[Lldb-commits] [PATCH] D83023: [lldb/ObjectFileMachO] Fetch shared cache images from our own shared cache

Pavel Labath via Phabricator via lldb-commits Fri, 03 Jul 2020 01:05:14 -0700

labath added a comment.

In D83023#2128475 <https://reviews.llvm.org/D83023#2128475>, @friss wrote:

> In D83023#2128298 <https://reviews.llvm.org/D83023#2128298>, @labath wrote:
>
> > I think this is a very interesting feature (lldb being able to load modules 
> > from memory; the mac shared cache thingy is interesting too, but in a 
> > different way). We have a feature request from people who are downloading 
> > modules from a network (from a proprietary symbol server, etc.) and would 
> > like to pass them to lldb without having to serialize them to disk. This 
> > would be a step towards making that happen. It could also be useful for our 
> > own unit tests which now have to do a similar thing.
> >
> > However, I think this could use some clean up. There's a lot of juggling of 
> > data/file/object offsets going on, and it all seems inconsistent and 
> > avoidable to me. Please see inline comments for details.
>
>
> I'll see what can be done. My main goal while working on this was to avoid 
> changing the semantics outside of the shared cache usecase. I understand 
> fairly well the codepath that I added and then just moved some other bits 
> around to keep the existing semantics for the rest. Happy to rework this.

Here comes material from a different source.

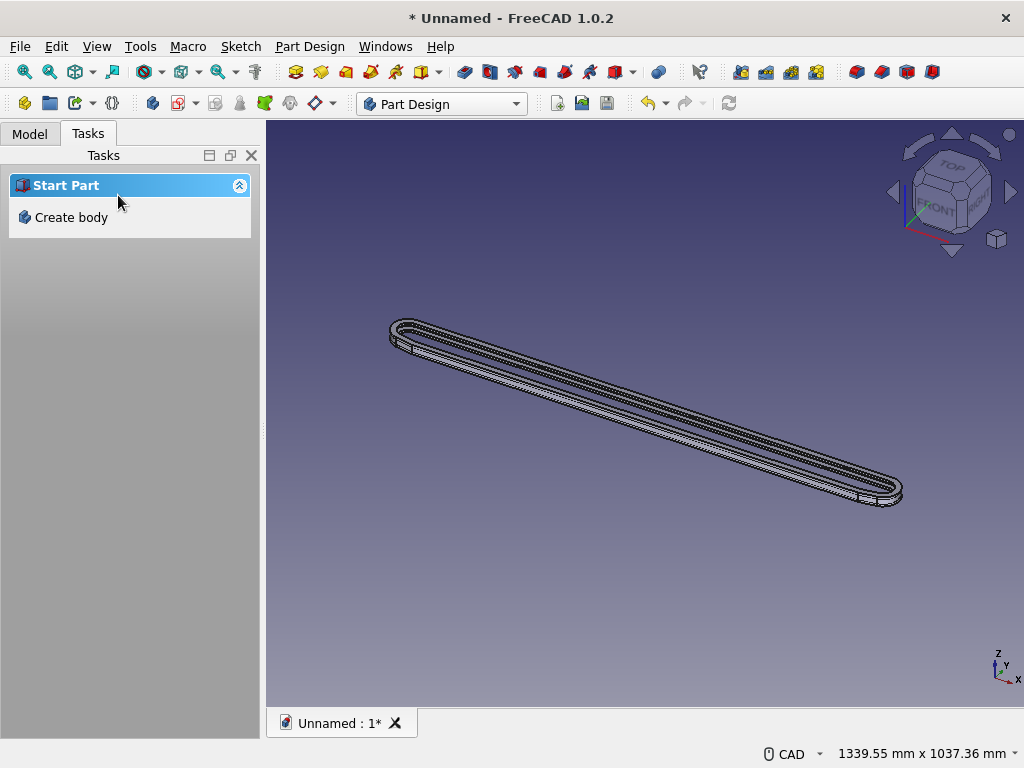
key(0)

So, if an object file needs to access some data which is outside of "its" image 
then my idea about using sliced data buffers will probably not work. It that 
case, using the "object offset" field to communicate the location of the 
"object" might not be a bad idea (it's still different than the use in .a 
files, but maybe we can stretch that definition). The part that bugs me then is 
having this functionality key off of the "data" field being set. Ideally, these 
would be two orthogonal features:

- the "data" would control whether you read the file system to obtain the 
object contents
- the "object offset" would tell you where to locate the desired object inside 
these "jumbo" objects

I think that might be doable by adding one more argument to the 
ObjectFile::GetModuleSpecifications interface, which says "this buffer contains 
a lot of stuff, but the object I am really interested in is at <offset>". Then 
ObjectFileMachO could do what it needs to read the object from that offset, but 
it would still have access to the entire buffer to read the __LINKEDIT thingy.

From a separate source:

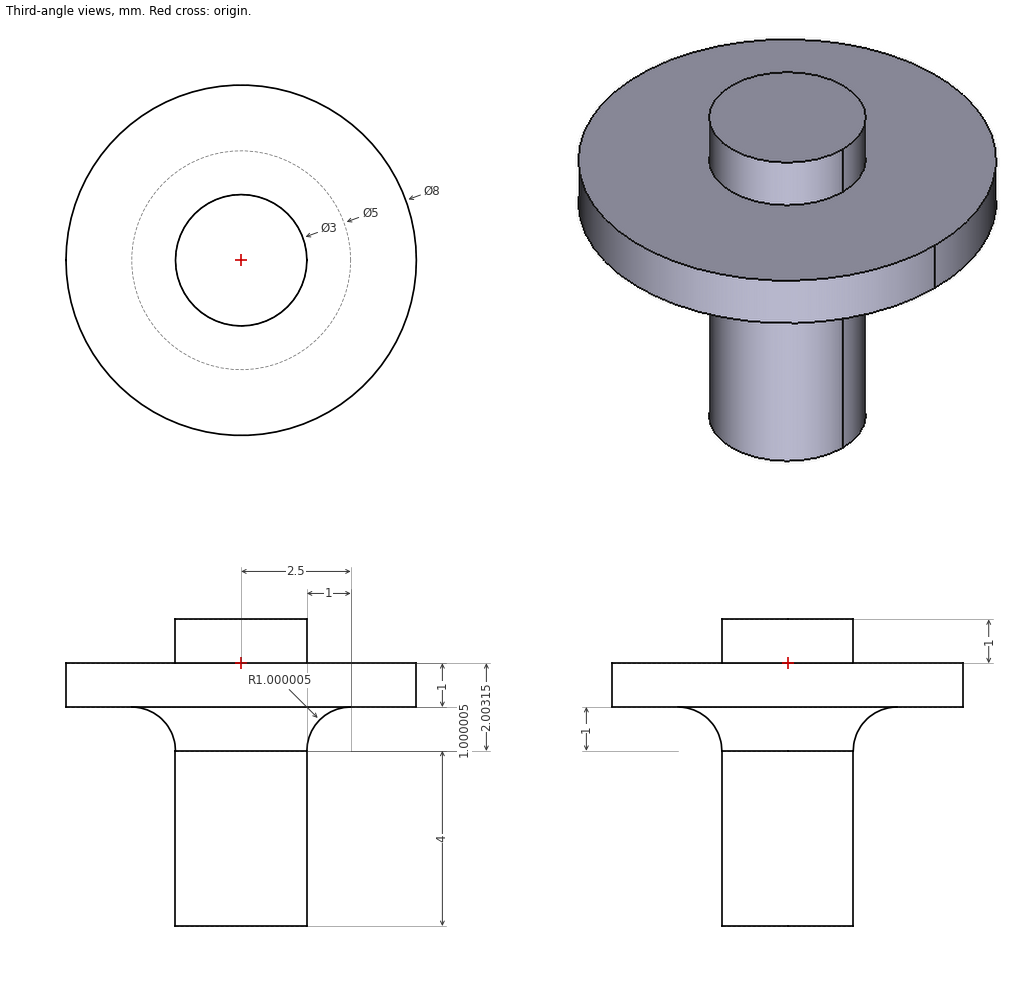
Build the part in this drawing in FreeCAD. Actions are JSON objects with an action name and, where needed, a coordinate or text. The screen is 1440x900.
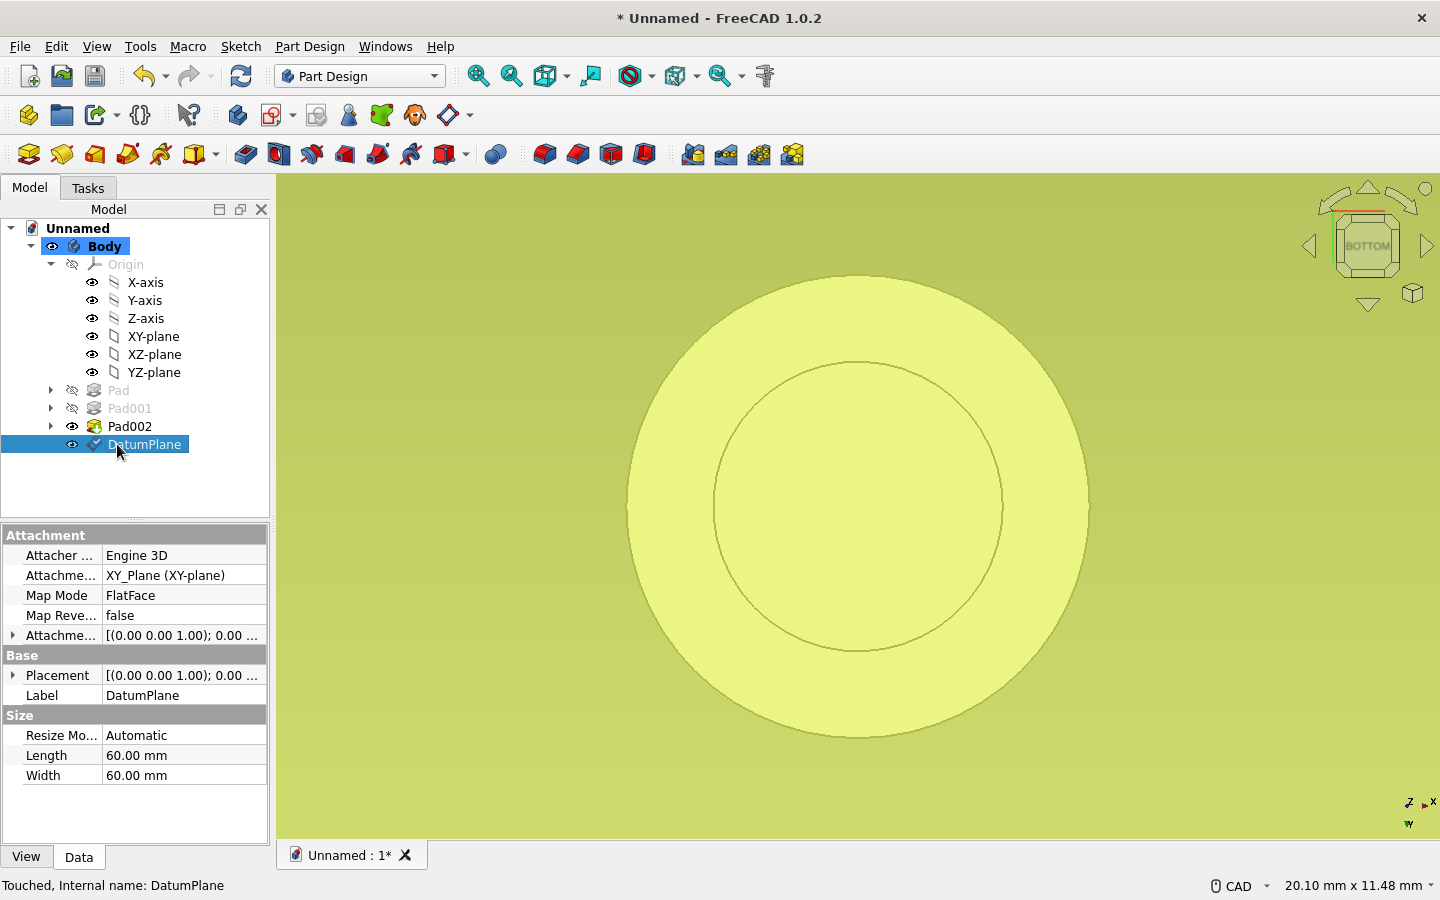
{"action": "left_click", "coordinate": [270, 116]}

Or.... we could try to do something completely different, and avoid touching 
the common interfaces altogether. The way I see it, this shared cache thing is 
unlikely to be reusable for anything else, and the reason we're adding these 
interfaces is so that we can communicate information from DynamicLoaderDarwin 
to ObjectFileMachO through `Target::GetOrCreateModule`. But that is silly, 
because DynamicLoaderDarwin already knows that the request is going to go to 
ObjectFileMachO (and indeed things would break if it doesn't). If there was a 
way for these two to communicate directly, then all of this would be unneeded, 
because DynamicLoaderDarwin could use a ObjectFileMachO interface, which would 
be specially crafted for this purpose.

It also seems to me we are only really interested in the "Get" part of 
`Target::GetOrCreateModule` -- i.e., ensuring we don't create multiple module 
instances for the same object. The rest of the function deals with various ways 
to try to find a module, but that's the thing we actually want to avoid, as we 
already know the data buffer that contains it. And all of the checks about 
matching uuids/architecures/etc. don't seem useful either as 
DynamicLoaderDarwin is repeating most of these anyway.

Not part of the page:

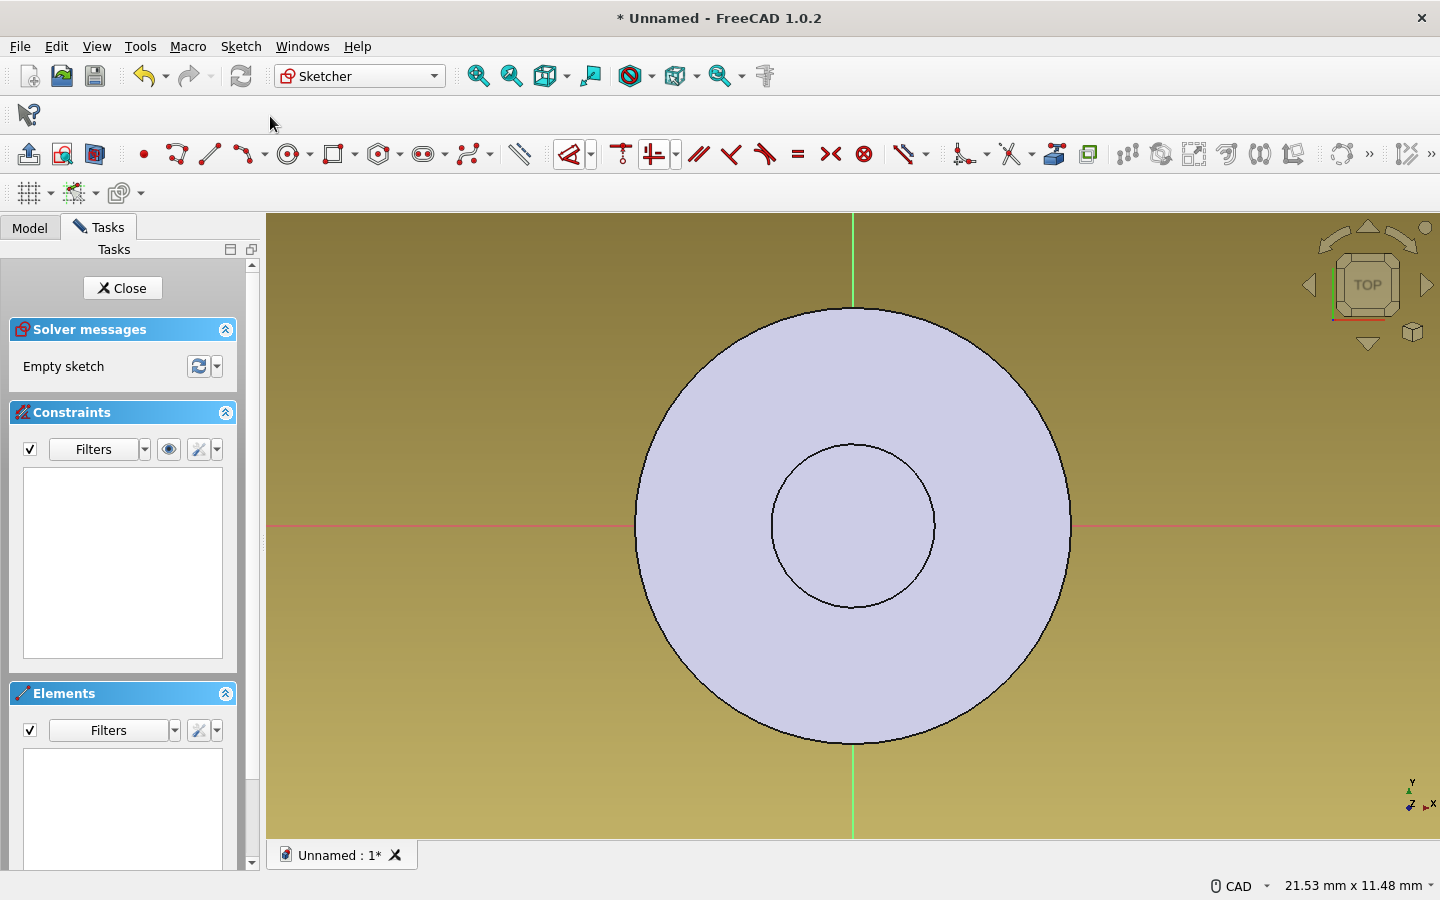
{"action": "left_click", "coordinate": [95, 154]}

We actually already have an interface that almost does this: 
`Module::CreateModuleFromObjectFile`. It allows one to create a Module while 
directly specifying the ObjectFile class to use, and passing arbitrary 
constructor arguments. The part it does *not* do is register this module into 
the global module cache. That's because so far, this function is used to create 
"weird" modules that we wouldn't want to cache anyway. But, what if we created 
a version of this function which does that? Could `DynamicLoaderDarwin` then 
instead of `target.GetOrCreateModule(shared_cache_spec)` do something like:

  module_sp = target.GetImages().FindFirstModule(shared_cache_spec);
  // If target already contains the module, we're done.
  if (!module_sp) {
    // This checks the global module cache for a matching module. If it finds 
one, it returns it. Otherwise, it creates a module through 
CreateModuleFromObjectFile, and registers it into the cache.
    module_sp = 
Module::GetOrCreateModuleFromObjectFile<ObjectFileMachO>(shared_cache_spec, 
whatever_args_we_need_to_get_macho_to_load_properly);
    target.GetImages().Append(module_sp, /*notify=*/false);
  }

I think an interface like this could be useful in the future as an escape 
hatch, because there are a lot of situations where one already knows he is 
dealing with a specific kind of object files, but is not able to take advantage 
of that. For example, DynamicLoaderPOSIXDYLD "knows" it's going to load an ELF 
file, that knowledge does not help it in any way. So far, we haven't needed to 
do anything super weird there, but that class already does contain a bunch of 
fallbacks/workarounds for bugs in various dynamic loaders and other platform 
features (e.g. the VDSO pseudo-module). I can certainly see how being able to 
create an module more directly could be helpful at times.

> 
> 
>> The patch is also quite light on testing. If done right, I believe this 
>> should make it possible to yaml2obj a file into memory in a unit test and 
>> then create a Module from that. That would enable us to test the 
>> Module(Spec) changes in isolation, and move them to a separate patch.
> 
> I agree about the light testing. FWIW, this got significant living-on testing 
> on Apple platforms, but some more targeted testing would be great.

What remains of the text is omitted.